> **Aim of the task**: Write out each line of the records that has "Which" in it.

==== Provided records ====

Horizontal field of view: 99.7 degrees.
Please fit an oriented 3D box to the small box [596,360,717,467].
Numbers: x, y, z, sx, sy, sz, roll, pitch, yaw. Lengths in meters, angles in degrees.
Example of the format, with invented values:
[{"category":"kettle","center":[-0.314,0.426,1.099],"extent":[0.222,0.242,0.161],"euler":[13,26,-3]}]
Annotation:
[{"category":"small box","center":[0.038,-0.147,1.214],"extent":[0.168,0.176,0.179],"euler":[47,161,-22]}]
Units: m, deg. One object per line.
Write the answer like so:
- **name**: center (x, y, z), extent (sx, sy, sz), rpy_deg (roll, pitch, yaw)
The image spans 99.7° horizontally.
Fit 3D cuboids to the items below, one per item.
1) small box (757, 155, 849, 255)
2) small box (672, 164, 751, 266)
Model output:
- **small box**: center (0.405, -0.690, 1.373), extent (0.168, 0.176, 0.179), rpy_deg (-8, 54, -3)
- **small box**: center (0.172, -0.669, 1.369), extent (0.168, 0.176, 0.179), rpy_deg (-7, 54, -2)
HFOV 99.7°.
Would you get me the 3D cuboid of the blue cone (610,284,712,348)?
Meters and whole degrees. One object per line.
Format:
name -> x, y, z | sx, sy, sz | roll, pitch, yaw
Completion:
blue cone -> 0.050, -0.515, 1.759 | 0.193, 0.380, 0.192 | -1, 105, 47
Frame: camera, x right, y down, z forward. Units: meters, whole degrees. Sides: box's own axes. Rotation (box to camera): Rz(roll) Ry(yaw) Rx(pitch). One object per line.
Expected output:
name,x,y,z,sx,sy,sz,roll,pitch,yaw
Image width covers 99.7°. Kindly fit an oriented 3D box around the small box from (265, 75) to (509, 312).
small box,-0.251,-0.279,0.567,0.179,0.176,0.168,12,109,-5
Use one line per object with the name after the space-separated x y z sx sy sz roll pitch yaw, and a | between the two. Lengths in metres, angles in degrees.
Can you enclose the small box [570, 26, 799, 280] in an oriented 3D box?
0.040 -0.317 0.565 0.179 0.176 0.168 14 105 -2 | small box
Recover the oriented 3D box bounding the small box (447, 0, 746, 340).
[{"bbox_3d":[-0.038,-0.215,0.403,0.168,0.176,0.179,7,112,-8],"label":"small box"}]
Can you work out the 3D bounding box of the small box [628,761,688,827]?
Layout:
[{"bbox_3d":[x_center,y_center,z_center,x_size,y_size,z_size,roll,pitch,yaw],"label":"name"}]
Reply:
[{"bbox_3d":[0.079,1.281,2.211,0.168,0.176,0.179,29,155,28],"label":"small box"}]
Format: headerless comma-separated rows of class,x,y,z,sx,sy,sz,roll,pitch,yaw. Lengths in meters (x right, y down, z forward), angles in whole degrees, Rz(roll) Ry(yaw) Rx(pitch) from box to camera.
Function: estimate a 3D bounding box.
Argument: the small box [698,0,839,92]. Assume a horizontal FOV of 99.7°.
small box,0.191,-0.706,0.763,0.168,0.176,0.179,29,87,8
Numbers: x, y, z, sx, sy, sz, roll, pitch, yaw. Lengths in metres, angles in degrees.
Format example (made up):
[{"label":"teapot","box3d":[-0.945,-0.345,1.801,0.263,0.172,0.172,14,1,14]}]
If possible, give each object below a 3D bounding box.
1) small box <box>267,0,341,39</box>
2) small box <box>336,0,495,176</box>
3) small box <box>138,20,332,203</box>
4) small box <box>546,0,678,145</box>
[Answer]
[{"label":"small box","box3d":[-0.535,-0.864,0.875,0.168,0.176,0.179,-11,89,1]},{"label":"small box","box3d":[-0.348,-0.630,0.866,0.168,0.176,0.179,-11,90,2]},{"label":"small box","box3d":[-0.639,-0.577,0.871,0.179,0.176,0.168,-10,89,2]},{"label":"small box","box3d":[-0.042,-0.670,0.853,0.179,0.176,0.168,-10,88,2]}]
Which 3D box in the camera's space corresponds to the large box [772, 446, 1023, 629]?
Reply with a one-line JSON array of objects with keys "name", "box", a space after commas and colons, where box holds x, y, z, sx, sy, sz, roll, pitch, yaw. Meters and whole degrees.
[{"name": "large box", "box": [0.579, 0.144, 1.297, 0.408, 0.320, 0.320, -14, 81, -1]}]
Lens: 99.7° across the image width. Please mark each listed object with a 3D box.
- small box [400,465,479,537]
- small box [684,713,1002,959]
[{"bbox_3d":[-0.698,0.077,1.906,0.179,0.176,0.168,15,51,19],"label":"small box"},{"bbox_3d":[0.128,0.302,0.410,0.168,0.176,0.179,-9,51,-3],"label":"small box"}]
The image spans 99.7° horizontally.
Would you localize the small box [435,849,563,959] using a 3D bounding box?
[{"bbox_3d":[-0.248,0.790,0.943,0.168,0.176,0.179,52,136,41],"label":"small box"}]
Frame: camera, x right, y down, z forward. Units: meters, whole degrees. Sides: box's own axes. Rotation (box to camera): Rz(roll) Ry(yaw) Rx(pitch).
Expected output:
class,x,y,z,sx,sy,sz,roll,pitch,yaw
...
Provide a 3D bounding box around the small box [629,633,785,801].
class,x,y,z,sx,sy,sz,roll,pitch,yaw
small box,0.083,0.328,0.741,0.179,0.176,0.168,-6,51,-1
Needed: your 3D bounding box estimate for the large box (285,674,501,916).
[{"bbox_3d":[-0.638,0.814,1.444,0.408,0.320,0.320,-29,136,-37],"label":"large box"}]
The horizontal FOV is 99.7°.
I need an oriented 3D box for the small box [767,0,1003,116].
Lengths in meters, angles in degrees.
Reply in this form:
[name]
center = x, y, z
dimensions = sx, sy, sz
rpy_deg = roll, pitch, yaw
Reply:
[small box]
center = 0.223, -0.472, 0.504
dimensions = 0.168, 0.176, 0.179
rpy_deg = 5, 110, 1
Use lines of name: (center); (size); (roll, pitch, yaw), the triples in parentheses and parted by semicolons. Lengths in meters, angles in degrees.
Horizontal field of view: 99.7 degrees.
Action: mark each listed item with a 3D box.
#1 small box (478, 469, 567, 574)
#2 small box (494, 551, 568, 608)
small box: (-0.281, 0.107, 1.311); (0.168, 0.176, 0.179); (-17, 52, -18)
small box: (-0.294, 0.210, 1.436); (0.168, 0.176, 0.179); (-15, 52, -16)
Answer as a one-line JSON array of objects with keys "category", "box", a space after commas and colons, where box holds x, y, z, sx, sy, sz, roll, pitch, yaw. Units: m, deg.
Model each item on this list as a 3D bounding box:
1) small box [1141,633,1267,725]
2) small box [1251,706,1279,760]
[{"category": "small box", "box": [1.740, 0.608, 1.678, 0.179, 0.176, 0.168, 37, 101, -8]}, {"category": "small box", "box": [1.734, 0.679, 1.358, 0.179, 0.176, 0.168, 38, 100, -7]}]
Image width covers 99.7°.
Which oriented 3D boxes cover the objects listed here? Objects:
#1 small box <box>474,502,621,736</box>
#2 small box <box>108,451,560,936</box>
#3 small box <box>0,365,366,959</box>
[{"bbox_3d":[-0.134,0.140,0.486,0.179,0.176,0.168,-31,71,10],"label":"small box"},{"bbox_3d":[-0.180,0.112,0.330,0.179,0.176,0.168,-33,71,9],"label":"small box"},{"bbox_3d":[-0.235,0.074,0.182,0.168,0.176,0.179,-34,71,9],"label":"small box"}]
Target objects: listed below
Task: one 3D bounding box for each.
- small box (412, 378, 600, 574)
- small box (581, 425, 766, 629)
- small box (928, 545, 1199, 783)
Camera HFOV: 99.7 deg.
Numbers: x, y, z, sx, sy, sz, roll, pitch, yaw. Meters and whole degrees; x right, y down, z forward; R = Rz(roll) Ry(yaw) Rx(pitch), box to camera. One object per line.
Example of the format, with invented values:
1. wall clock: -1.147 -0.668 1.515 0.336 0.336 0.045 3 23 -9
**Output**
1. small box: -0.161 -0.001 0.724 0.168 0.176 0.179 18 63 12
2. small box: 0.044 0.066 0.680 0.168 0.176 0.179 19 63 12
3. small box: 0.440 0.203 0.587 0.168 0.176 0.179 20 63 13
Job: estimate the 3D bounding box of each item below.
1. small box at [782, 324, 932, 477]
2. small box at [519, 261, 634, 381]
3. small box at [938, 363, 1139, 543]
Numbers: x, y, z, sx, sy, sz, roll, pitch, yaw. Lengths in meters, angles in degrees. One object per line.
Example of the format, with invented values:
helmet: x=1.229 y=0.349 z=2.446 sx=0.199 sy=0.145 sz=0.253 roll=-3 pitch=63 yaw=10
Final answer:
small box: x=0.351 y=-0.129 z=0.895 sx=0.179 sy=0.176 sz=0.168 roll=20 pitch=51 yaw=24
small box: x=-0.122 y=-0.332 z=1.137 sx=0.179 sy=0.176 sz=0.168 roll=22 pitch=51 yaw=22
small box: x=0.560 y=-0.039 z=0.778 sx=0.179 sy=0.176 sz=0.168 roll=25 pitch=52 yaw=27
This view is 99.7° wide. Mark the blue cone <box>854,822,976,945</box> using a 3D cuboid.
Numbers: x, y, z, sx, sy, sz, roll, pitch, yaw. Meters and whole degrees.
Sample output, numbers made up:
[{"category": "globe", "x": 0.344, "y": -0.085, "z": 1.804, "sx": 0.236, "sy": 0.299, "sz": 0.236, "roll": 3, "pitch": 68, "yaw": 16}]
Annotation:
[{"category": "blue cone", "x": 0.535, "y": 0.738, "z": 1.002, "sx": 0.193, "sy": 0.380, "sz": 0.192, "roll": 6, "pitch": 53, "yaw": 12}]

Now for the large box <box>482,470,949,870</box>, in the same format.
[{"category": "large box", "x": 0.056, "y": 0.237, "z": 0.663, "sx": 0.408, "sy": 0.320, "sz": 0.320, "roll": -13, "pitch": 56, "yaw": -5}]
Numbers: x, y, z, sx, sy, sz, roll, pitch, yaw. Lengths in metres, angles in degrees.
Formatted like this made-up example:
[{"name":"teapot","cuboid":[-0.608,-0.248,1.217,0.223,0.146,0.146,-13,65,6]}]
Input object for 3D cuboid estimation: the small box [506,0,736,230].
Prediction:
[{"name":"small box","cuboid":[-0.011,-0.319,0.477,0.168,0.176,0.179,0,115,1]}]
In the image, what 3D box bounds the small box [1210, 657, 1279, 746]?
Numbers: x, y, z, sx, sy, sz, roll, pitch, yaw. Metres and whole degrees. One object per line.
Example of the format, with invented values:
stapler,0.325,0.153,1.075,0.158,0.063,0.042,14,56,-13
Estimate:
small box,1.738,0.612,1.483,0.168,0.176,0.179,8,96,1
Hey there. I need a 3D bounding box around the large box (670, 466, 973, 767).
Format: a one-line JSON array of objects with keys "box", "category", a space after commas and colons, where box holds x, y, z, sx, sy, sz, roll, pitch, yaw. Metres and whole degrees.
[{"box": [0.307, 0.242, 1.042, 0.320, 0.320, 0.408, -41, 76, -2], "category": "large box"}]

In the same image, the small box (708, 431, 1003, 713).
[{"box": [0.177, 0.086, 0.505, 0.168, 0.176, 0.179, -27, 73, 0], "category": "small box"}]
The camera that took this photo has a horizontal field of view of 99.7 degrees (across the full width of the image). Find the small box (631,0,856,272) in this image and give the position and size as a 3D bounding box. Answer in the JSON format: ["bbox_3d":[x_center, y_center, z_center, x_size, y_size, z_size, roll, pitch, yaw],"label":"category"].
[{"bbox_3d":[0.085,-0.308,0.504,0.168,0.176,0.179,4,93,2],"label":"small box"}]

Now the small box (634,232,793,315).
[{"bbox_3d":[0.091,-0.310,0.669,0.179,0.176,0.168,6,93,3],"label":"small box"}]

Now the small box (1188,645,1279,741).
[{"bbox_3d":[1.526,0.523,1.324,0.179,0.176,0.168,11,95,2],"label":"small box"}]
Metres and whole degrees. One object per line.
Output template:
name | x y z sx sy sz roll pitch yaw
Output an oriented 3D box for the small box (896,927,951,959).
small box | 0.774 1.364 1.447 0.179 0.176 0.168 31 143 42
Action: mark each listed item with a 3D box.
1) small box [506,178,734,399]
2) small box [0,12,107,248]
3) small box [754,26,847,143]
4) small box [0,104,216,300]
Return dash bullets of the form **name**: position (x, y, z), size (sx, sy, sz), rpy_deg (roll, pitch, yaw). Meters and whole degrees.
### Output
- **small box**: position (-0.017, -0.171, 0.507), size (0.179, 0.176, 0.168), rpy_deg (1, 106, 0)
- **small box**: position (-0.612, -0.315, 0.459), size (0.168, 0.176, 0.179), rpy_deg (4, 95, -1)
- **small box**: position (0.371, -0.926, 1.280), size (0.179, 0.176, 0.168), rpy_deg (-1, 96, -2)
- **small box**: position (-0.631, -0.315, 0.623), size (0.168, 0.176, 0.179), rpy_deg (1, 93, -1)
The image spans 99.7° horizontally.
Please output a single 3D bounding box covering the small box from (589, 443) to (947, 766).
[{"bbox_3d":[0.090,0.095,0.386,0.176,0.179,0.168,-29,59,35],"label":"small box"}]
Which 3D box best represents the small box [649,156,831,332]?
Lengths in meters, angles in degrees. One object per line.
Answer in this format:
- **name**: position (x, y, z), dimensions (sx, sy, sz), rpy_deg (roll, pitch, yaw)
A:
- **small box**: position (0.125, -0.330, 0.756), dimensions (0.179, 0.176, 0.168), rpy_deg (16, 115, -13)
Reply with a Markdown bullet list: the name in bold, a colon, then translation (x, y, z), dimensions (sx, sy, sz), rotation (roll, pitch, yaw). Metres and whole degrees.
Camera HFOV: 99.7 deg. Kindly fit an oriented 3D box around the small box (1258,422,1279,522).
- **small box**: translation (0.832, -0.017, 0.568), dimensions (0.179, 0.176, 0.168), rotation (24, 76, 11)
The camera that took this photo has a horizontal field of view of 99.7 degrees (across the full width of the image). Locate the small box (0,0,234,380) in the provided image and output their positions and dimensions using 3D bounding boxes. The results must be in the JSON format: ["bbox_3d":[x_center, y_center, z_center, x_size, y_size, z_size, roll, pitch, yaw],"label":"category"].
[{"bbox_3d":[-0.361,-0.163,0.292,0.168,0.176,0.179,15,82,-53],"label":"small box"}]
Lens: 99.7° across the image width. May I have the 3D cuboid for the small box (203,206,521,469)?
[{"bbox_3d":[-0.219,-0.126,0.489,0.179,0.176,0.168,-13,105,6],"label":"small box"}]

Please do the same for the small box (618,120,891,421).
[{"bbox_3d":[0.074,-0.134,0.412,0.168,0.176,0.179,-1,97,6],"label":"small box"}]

====

> **Written answer**:
Which 3D box in the camera's space corresponds to the large box [772, 446, 1023, 629]?
Which oriented 3D boxes cover the objects listed here? Objects:
Which 3D box best represents the small box [649,156,831,332]?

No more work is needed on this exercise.